FBI: Government Conspiracy Group May Have Helped Mortgage Fraud Fugitives Escape
John and Julieanne Dimitrion scammed good people out of their homes, the FBI says, and then they disappeared.
They were the “masterminds of a large fraud scheme,” the FBI’s Brandon Simpson told CNN’s “The Hunt with John Walsh,” which hit Tricia Dano’s family especially hard.
Dano blames the Dimitrions for the loss of their cherished family home in Honolulu’s Kaimuki neighborhood.
For Dano, it started in 1999 when she moved from Washington state back to Hawaii to help her mother take care of her ailing grandmother.
Her grandmother “felt that if she was going to pass, she wanted to be at home, right where she belonged,” Dano said.
When the family began having trouble making house payments, they decided to refinance their mortgage.

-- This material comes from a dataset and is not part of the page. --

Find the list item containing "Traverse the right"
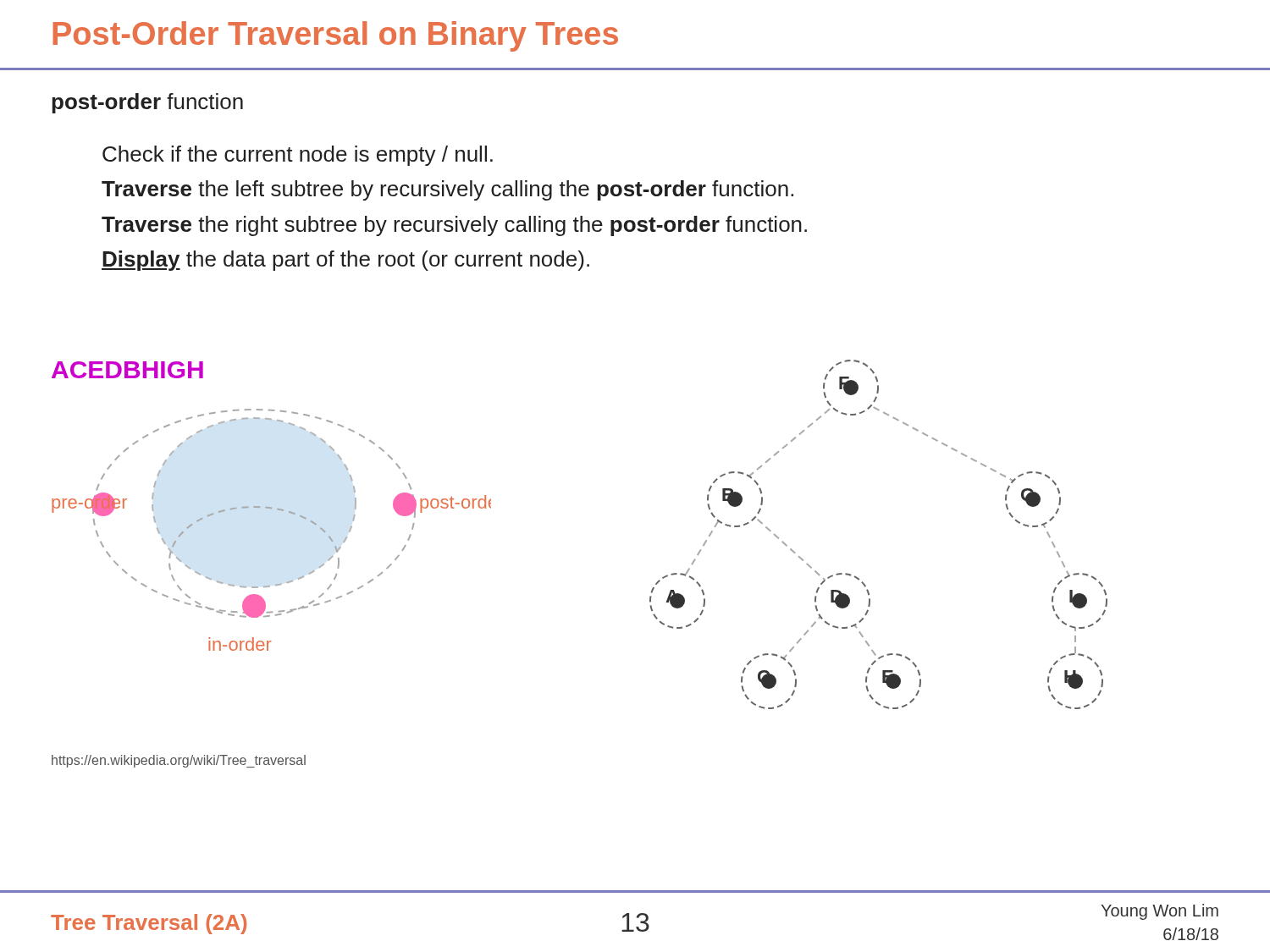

Seeing an ad for the Dimitrions’ company, Mortgage Alliance on TV, Dano and her mother made an appointment.
The Dimitrions didn’t arrive until an hour into the meeting, Dano recalled. The couple made a memorable impression as they made their pitch wearing designer clothes and expensive jewelry.
The FBI said the Dimitrions pitched their scam like this: “We will have someone buy your property — but in name only. You’ll continue to live there and we’ll fix your credit and a year from now you’ll be able to buy that property back. You won’t lose it to foreclosure and you can keep your family home.”

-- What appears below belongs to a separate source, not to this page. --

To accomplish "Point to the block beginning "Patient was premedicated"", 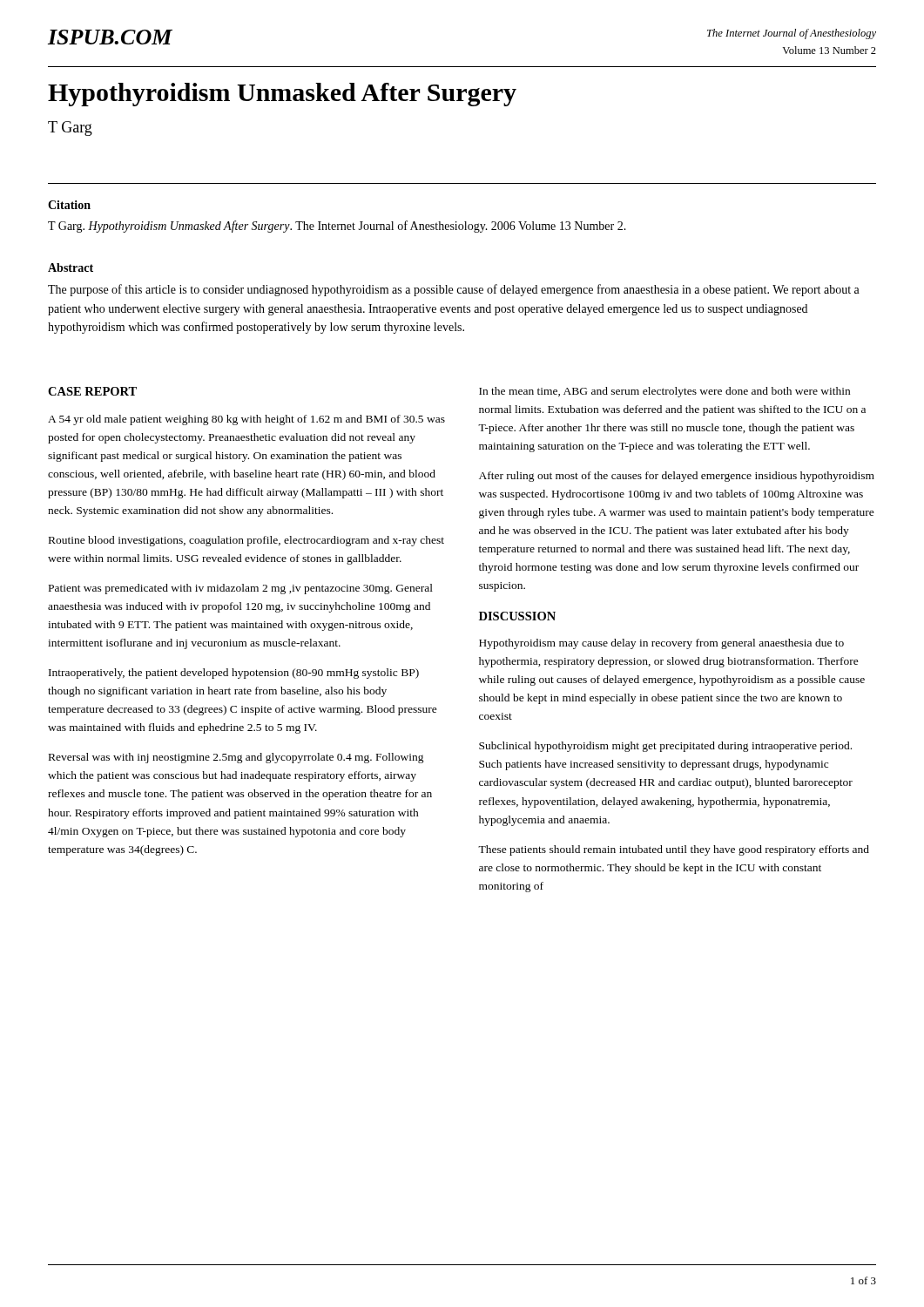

“I thought, ‘These people definitely know what they’re doing,'” recalled Dano. “So we signed over the title, thinking that, ‘OK this is the first step to the rent-to-own process.'”
Then the Dimitrions found a “straw buyer” who purchased the Dano property in their name. That buyer was an acquaintance named Laura Cristo.
“They explained it to me that it was a short sale, that I wasn’t getting involved,” Cristo said.
She thought the Dimitrions were good people trying to help others, so Cristo said “OK.”
“I just started initialing and signing,” she remembered. “I never really read the papers.”